[[ Records to process open ]]

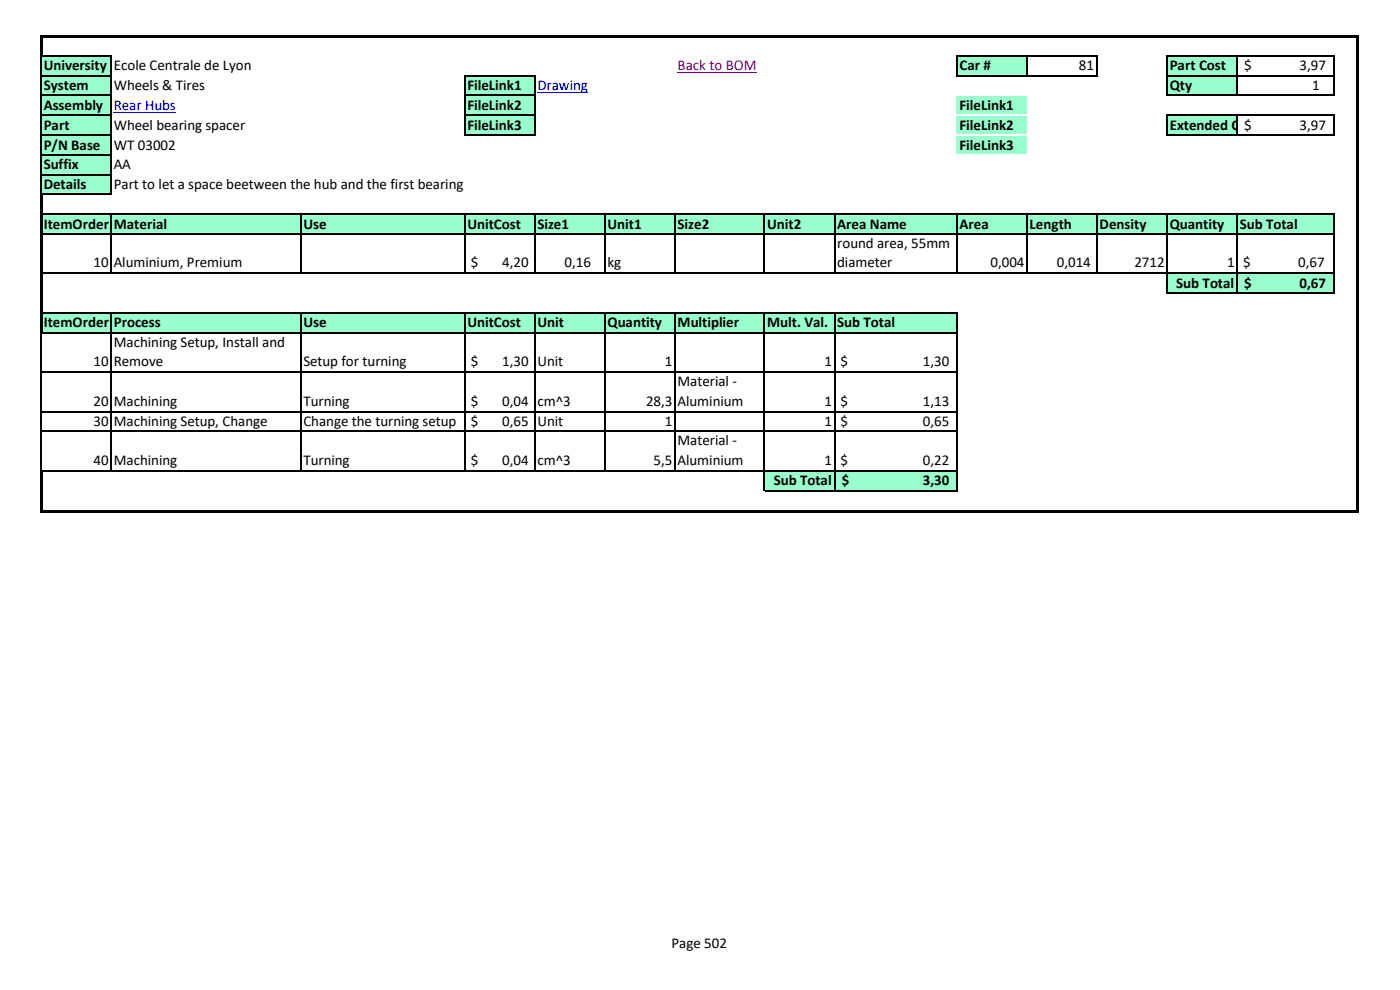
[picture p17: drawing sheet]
<svg xmlns="http://www.w3.org/2000/svg" width="297mm" height="210mm" viewBox="0 0 297 210" stroke-linecap="round" stroke-linejoin="round" font-family="sans-serif">
<defs><g id="words">
<g font-size="3.2">
<text x="9.3" y="14.9">University</text>
<text x="24.1" y="14.9">Ecole Centrale de Lyon</text>
<text x="203.6" y="14.9">Car #</text>
<text x="228.9" y="14.9">81</text>
<text x="248.2" y="14.9">Part Cost</text>
<text x="264" y="14.9">$</text>
<text x="275.7" y="14.9">3,97</text>
<text x="9.3" y="19.1">System</text>
<text x="9.3" y="23.3">Assembly</text>
<text x="24.1" y="19.1">Wheels &amp; Tires</text>
<text x="99.2" y="19.1">FileLink1</text>
<text x="99.2" y="23.3">FileLink2</text>
<text x="203.6" y="23.3">FileLink1</text>
<text x="248.2" y="19.1">Qty</text>
<text x="278.4" y="19.1">1</text>
<text x="9.3" y="27.5">Part</text>
<text x="24.1" y="27.5">Wheel bearing spacer</text>
<text x="99.2" y="27.5">FileLink3</text>
<text x="203.6" y="27.5">FileLink2</text>
<text x="248.2" y="27.5">Extended Cost</text>
<text x="264" y="27.5">$</text>
<text x="275.7" y="27.5">3,97</text>
<text x="9.3" y="31.7">P/N Base</text>
<text x="9.3" y="35.9">Suffix</text>
<text x="24.1" y="31.7">WT 03002</text>
<text x="24.1" y="35.9">AA</text>
<text x="203.6" y="31.7">FileLink3</text>
<text x="9.3" y="40.1">Details</text>
<text x="24.1" y="40.1">Part to let a space beetween the hub and the first bearing</text>
<text x="9.3" y="48.5">ItemOrder</text>
<text x="24.1" y="48.5">Material</text>
<text x="64.4" y="48.5">Use</text>
<text x="99.2" y="48.5">UnitCost</text>
<text x="114" y="48.5">Size1</text>
<text x="128.9" y="48.5">Unit1</text>
<text x="143.7" y="48.5">Size2</text>
<text x="162.8" y="48.5">Unit2</text>
<text x="177.6" y="48.5">Area Name</text>
<text x="177.6" y="52.5">round area, 55mm</text>
<text x="203.6" y="48.5">Area</text>
<text x="218.4" y="48.5">Length</text>
<text x="233.3" y="48.5">Density</text>
<text x="248.2" y="48.5">Quantity</text>
<text x="263" y="48.5">Sub Total</text>
<text x="19.9" y="56.7">10</text>
<text x="24.1" y="56.7">Aluminium, Premium</text>
<text x="99.9" y="56.7">$</text>
<text x="106.5" y="56.7">4,20</text>
<text x="119.8" y="56.7">0,16</text>
<text x="128.9" y="56.7">kg</text>
<text x="177.6" y="56.7">diameter</text>
<text x="210.1" y="56.7">0,004</text>
<text x="224.2" y="56.7">0,014</text>
<text x="240.7" y="56.7">2712</text>
<text x="260.3" y="56.7">1</text>
<text x="263.7" y="56.7">$</text>
<text x="275.4" y="56.7">0,67</text>
<text x="249.5" y="61.1">Sub Total</text>
<text x="264" y="61.1">$</text>
<text x="275.7" y="61.1">0,67</text>
<text x="9.3" y="69.4">ItemOrder</text>
<text x="24.1" y="69.4">Process</text>
<text x="64.4" y="69.4">Use</text>
<text x="99.2" y="69.4">UnitCost</text>
<text x="114" y="69.4">Unit</text>
<text x="128.9" y="69.4">Quantity</text>
<text x="143.7" y="69.4">Multiplier</text>
<text x="162.8" y="69.4">Mult. Val.</text>
<text x="177.6" y="69.4">Sub Total</text>
<text x="19.9" y="77.7">10</text>
<text x="24.1" y="73.5">Machining Setup, Install and</text>
<text x="24.1" y="77.7">Remove</text>
<text x="64.4" y="77.7">Setup for turning</text>
<text x="99.9" y="77.7">$</text>
<text x="106.5" y="77.7">1,30</text>
<text x="114" y="77.7">Unit</text>
<text x="141.1" y="77.7">1</text>
<text x="174.9" y="77.7">1</text>
<text x="178.3" y="77.7">$</text>
<text x="195.8" y="77.7">1,30</text>
<text x="143.7" y="81.9">Material -</text>
<text x="19.9" y="86.1">20</text>
<text x="24.1" y="86.1">Machining</text>
<text x="64.4" y="86.1">Turning</text>
<text x="99.9" y="86.1">$</text>
<text x="106.5" y="86.1">0,04</text>
<text x="114" y="86.1">cm^3</text>
<text x="137.1" y="86.1">28,3</text>
<text x="143.7" y="86.1">Aluminium</text>
<text x="174.9" y="86.1">1</text>
<text x="178.3" y="86.1">$</text>
<text x="195.8" y="86.1">1,13</text>
<text x="19.9" y="90.3">30</text>
<text x="24.1" y="90.3">Machining Setup, Change</text>
<text x="64.4" y="90.3">Change the turning setup</text>
<text x="99.9" y="90.3">$</text>
<text x="106.5" y="90.3">0,65</text>
<text x="114" y="90.3">Unit</text>
<text x="141.1" y="90.3">1</text>
<text x="143.7" y="94.5">Material -</text>
<text x="174.9" y="90.3">1</text>
<text x="178.3" y="90.3">$</text>
<text x="195.8" y="90.3">0,65</text>
<text x="19.9" y="98.7">40</text>
<text x="24.1" y="98.7">Machining</text>
<text x="64.4" y="98.7">Turning</text>
<text x="99.9" y="98.7">$</text>
<text x="106.5" y="98.7">0,04</text>
<text x="114" y="98.7">cm^3</text>
<text x="138.7" y="98.7">5,5</text>
<text x="143.7" y="98.7">Aluminium</text>
<text x="174.9" y="98.7">1</text>
<text x="178.3" y="98.7">$</text>
<text x="195.8" y="98.7">0,22</text>
<text x="164.2" y="103">Sub Total</text>
<text x="178.6" y="103">$</text>
<text x="195.8" y="103">3,30</text>
<text x="142.5" y="201">Page 502</text>
</g>
<text font-size="3.2" fill="#800080" x="143.7" y="14.9">Back to BOM</text>
<g font-size="3.2" fill="#00f">
<text x="24.1" y="23.3">Rear Hubs</text>
<text x="114" y="19.1">Drawing</text>
</g>
</g></defs>
<g fill="#9fc">
<path d="M8.8 11.9h14.8v4.2h-14.8z" fill-rule="evenodd"/>
<path d="M203 11.9h14.9v4.2h-14.9z" fill-rule="evenodd"/>
<path d="M247.6 11.9h14.9v4.2h-14.9z" fill-rule="evenodd"/>
<path d="M8.8 16h14.8v4.3h-14.8z" fill-rule="evenodd"/>
<path d="M98.6 16h14.9v4.3h-14.9z" fill-rule="evenodd"/>
<path d="M247.6 16h14.9v4.3h-14.9z" fill-rule="evenodd"/>
<path d="M8.8 20.2h14.8v8.5h-14.8z" fill-rule="evenodd"/>
<path d="M98.6 20.2h14.9v8.5h-14.9z" fill-rule="evenodd"/>
<path d="M203 20.2h14.9v8.5h-14.9z" fill-rule="evenodd"/>
<path d="M247.6 24.4h14.9v4.3h-14.9z" fill-rule="evenodd"/>
<path d="M8.8 28.6h14.8v4.3h-14.8z" fill-rule="evenodd"/>
<path d="M203 28.6h14.9v4.3h-14.9z" fill-rule="evenodd"/>
<path d="M8.8 32.8h14.8v8.4h-14.8z" fill-rule="evenodd"/>
<path d="M8.8 45.4h274.2v4.2h-274.2z" fill-rule="evenodd"/>
<path d="M247.6 58h35.4v4.2h-35.4z" fill-rule="evenodd"/>
<path d="M8.8 66.4h194.2v4.2h-194.2z" fill-rule="evenodd"/>
<path d="M162.2 99.9h40.8v4.2h-40.8z" fill-rule="evenodd"/>
</g>
<path d="M143.7 15.4h16.9" fill="none" stroke="#800080" stroke-width=".21"/>
<path d="M114 19.6h10.7M24.1 23.8h13.2" fill="none" stroke="#00f" stroke-width=".21"/>
<path d="M8.4 7.4h.6v4.6h-.6z" fill-rule="evenodd" fill="#000"/>
<path d="M8.8 16.1h14.9M9 11.9h14.7M98.7 16.1h14.9M203.1 11.9h29.8M203.1 16.1h29.8M8.8 20.3h14.9M98.7 20.3h14.9" fill="none" stroke="#000" stroke-width=".3"/>
<path d="M203 20.1h14.9v.3h-14.9z" fill-rule="evenodd" fill="#fff"/>
<path d="M8.8 24.5h14.9M98.7 24.5h14.9" fill="none" stroke="#000" stroke-width=".3"/>
<path d="M203 24.3h14.9v.3h-14.9z" fill-rule="evenodd" fill="#fff"/>
<path d="M247.6 11.7v8.7M262.4 12v8.4M282.9 12v8.4M8.8 28.6h14.9M98.7 28.6h14.9" fill="none" stroke="#000" stroke-width=".3"/>
<path d="M203 28.5h14.9v.3h-14.9z" fill-rule="evenodd" fill="#fff"/>
<g fill="none" stroke="#000" stroke-width=".3">
<path d="M8.7 12v29.1M23.6 12v29.4M98.6 15.9v12.9M113.4 16.2v12.6M203 11.7v4.5M217.9 12v4.2M232.7 12v4.2M247.7 11.9h35.4M247.7 16.1h35.4M8.8 32.8h14.9M247.6 24.3v4.5M247.7 20.3h35.4"/>
<path d="M247.7 24.5h35.4M247.7 28.6h35.4M262.4 24.6v4.2M282.9 24.6v4.2M23.6 45.6v12.5M63.8 45.6v12.5M98.6 45.6v12.5M113.4 45.6v12.5M128.3 45.6v12.5M143.2 45.6v12.5M162.2 45.6v12.5M177 45.6v12.5"/>
<path d="M203 45.6v12.5M217.9 45.6v12.5M232.7 45.6v12.5M247.6 45.6v16.7M262.4 45.6v16.7M282.9 45.6v16.7M8.7 70.7v29.1M23.6 66.5v33.6M63.8 66.5v33.6M98.6 66.5v33.6M113.4 66.5v33.6M128.3 66.5v33.6"/>
<path d="M143.2 66.5v33.6M162.2 66.5v37.7M177 66.5v37.7M203 66.5v37.7"/>
</g>
<g fill="#000">
<path d="M9 7.4h279.3v.6h-279.3z" fill-rule="evenodd"/>
<path d="M8.4 41.1h.6v29.6h-.6z" fill-rule="evenodd"/>
<path d="M8.4 99.8h.6v8.9h-.6z" fill-rule="evenodd"/>
<path d="M287.7 8h.6v100.7h-.6z" fill-rule="evenodd"/>
</g>
<path d="M203 32.7h14.9v.3h-14.9z" fill-rule="evenodd" fill="#fff"/>
<g fill="none" stroke="#000" stroke-width=".3">
<path d="M8.8 37h14.9M9 41.2h14.7M9 45.4h274.1M9 49.6h274.1M9 58h274.1M8.8 78.9h194.3M9 66.4h194.1M9 70.6h194.1M247.7 62.2h35.4M8.8 87.3h194.3M8.8 91.5h194.3M9 99.9h194.1"/>
<path d="M162.3 104.1h40.8"/>
</g>
<path d="M9 108.2h279.3v.5h-279.3z" fill-rule="evenodd" fill="#000"/>
<use href="#words"/>
</svg>

[[ Records to process closed ]]

_Your objective_
Search the entries for the string "font" and collect each line that has it.

_Response area_
<svg xmlns="http://www.w3.org/2000/svg" width="297mm" height="210mm" viewBox="0 0 297 210" stroke-linecap="round" stroke-linejoin="round" font-family="sans-serif">
<g font-size="3.2">
<text font-size="3.2" fill="#800080" x="143.7" y="14.9">Back to BOM</text>
<g font-size="3.2" fill="#00f">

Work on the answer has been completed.